L'autore-regista assegna al sipario il compito di cadenzare l'alternanza di
illusione comica e disillusione quotidiana, in altre parole di orchestrare il ritmo e il
montaggio del suo copione e di organizzare l'azione scenica. Sipari distinguono
infatti le diverse zone dello spazio che bisogna probabilmente immaginare
collazionando il copione di Strehler con la pianta del Teatro Studio di Milano. Il
pubblico si dispone sui gradoni e sui ballatoi a forma di U, la scena è dunque in
platea finché non si solleva il primo sipario, il sipario della vita, il diaframma che
chiudendosi esclude dal presente, ora senile e ora quotidiano, l'avventura
liberissima e artificiosa del teatro, o che aprendosi ci trasporta invece in un
palcoscenico dove trionfa l'immaginazione sognata-vissuta-rammemorata. Qui
talvolta l'azione e la vita ''ricreata'' si moltiplicano per gemmazione. Sulla scena
all'italiana cala infatti talvolta un altro sipario, questa volta però bianco e azzurro
(è il velo del sogno), oltre il quale si può traguardare un'altra scena, in fondo alla
quale si situa un altro sipario, ma questa volta visto da dietro, come se noi
spettatori ci trovassimo nel retropalco, e quindi oltre quel sipario – quando si apre
– si intuiscono le luci o le ombre di un'altra platea e di altri palchi. In questo modo
lo spettatore sarebbe stato posto di fronte a una prospettiva speculare (pubblicopalcoscenico-pubblico) in fondo alla quale ci sarebbe stato lui stesso a
sottolineare la struttura di una drammaturgia metateatrale, di volta in volta messa
in moto o accelerata dal ritmo perpetuo di questi sipari, allo stesso tempo
simbolici e funzionali, inseparabile ciascuno dagli effetti illuminotecnici come in
uno dei primi montaggi a ''dissolvenza incrociata'' che troviamo nel Primo
Episodio: «La voce si perde in sussurro di sonno vecchio. La voce si
addormenta. E nel palcoscenico, come per miracolo, le spirali della macchina
''per fare il mare'' cominciano a girare. Prima adagio, poi sempre più
velocemente, sempre più presto. E la barchetta si inclina sempre di più nel vento,
e improvvisamente, dal sottopalco nasce uno spruzzo di coriandoli d'argento che
si apre a ventaglio nell’aria. Di colpo si chiude lieve palpitando un sipario bianco
e azzurro e il Teatro sparisce»; a questo punto la voce di Strehler narratore
accompagna la dissolvenza: «Alta luce, con sole ed aria. Mattina d'aprile. L'Italia
nel sole e nel mare. Al centro della Platea/Vita/Teatro appare rapido l'albero
scuro con una grande vela bianca di una barca immaginaria che si riempie di
vento ed un coro umano di donne e uomini che si muovono in fretta in mezzo
a bauli e ceste e tele dipinte, finti giardini e finte colonne tenute ferme da pesi di
teatro e che stanno per salpare nel vento come aquiloni incredibili» [50]. Talvolta
invece nella stessa platea è il tempo della vita economica e prosaica che si
organizza, lì o in proscenio si muovono gli impresari aristocratici e borghesi (il
conte Prada, il capocomico Imer) con cui Goldoni deve negoziare il suo lavoro,
lì agisce o giace in poltrona il vecchio Goldoni tra un sonnellino e un ricordo, lì si
muove anche il giovane Goldoni immerso nella vita prosaica dell'avvocato
funzionario, mentre sul palcoscenico salgono – oltre il Sipario della Vita – una
scena dopo l’altra, come regìe o sceneggiature suggestive, altri frammenti della
vita rammemorata.
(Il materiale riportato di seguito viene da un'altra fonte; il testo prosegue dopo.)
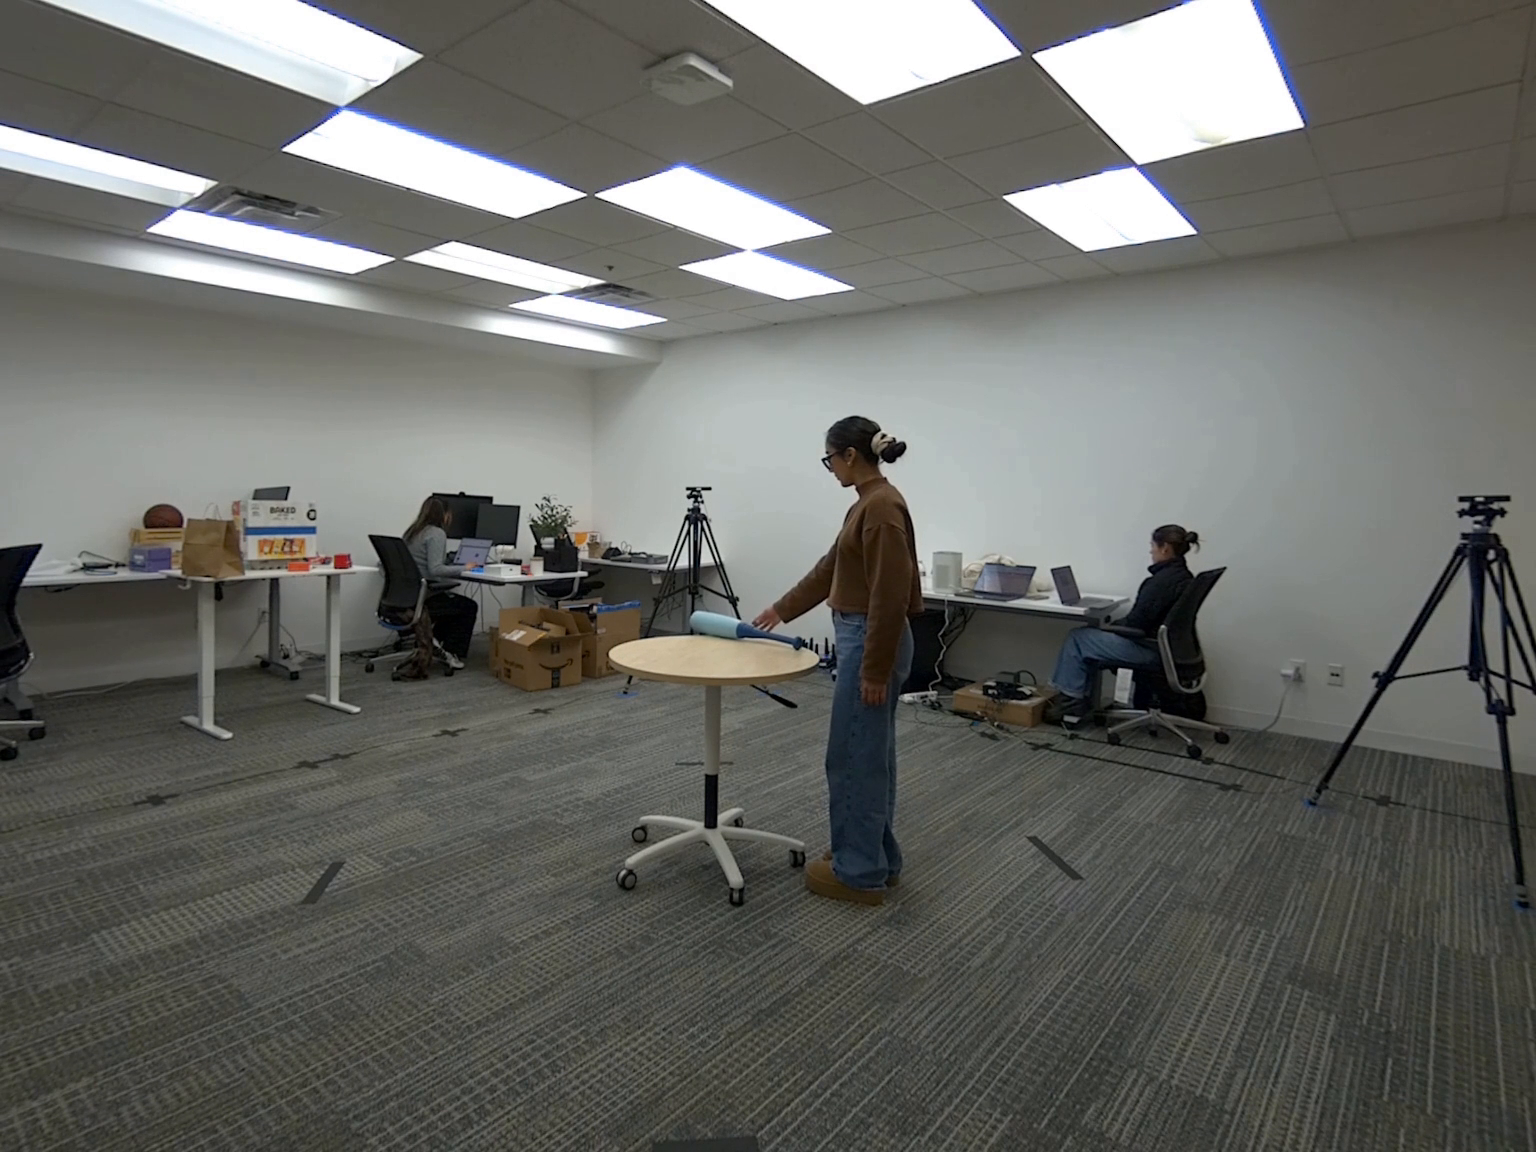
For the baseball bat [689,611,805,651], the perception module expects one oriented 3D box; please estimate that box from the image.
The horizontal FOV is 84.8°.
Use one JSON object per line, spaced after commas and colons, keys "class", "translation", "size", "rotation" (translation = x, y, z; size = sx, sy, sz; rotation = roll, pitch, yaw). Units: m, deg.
{"class": "baseball bat", "translation": [-0.100, 0.219, 3.390], "size": [0.562, 0.088, 0.086], "rotation": [9, 9, 38]}

In questo modo se la memoria si fa teatro è però il teatro con
le sue risorse materiali e le sue tecniche illusionistiche (soprattutto
l'illuminotecnica) a riorganizzare la struttura della memoria di cui i sipari sono i
motori, quasi le palpebre di uno sguardo continuamente eccitato, il cui aprirsi e
chiudersi fa succedere il giorno alla notte e nel quale si imprimono i sortilegi
grafici e coloristici di una lanterna magica: «il Sipario della Vita. Il primo di tutti.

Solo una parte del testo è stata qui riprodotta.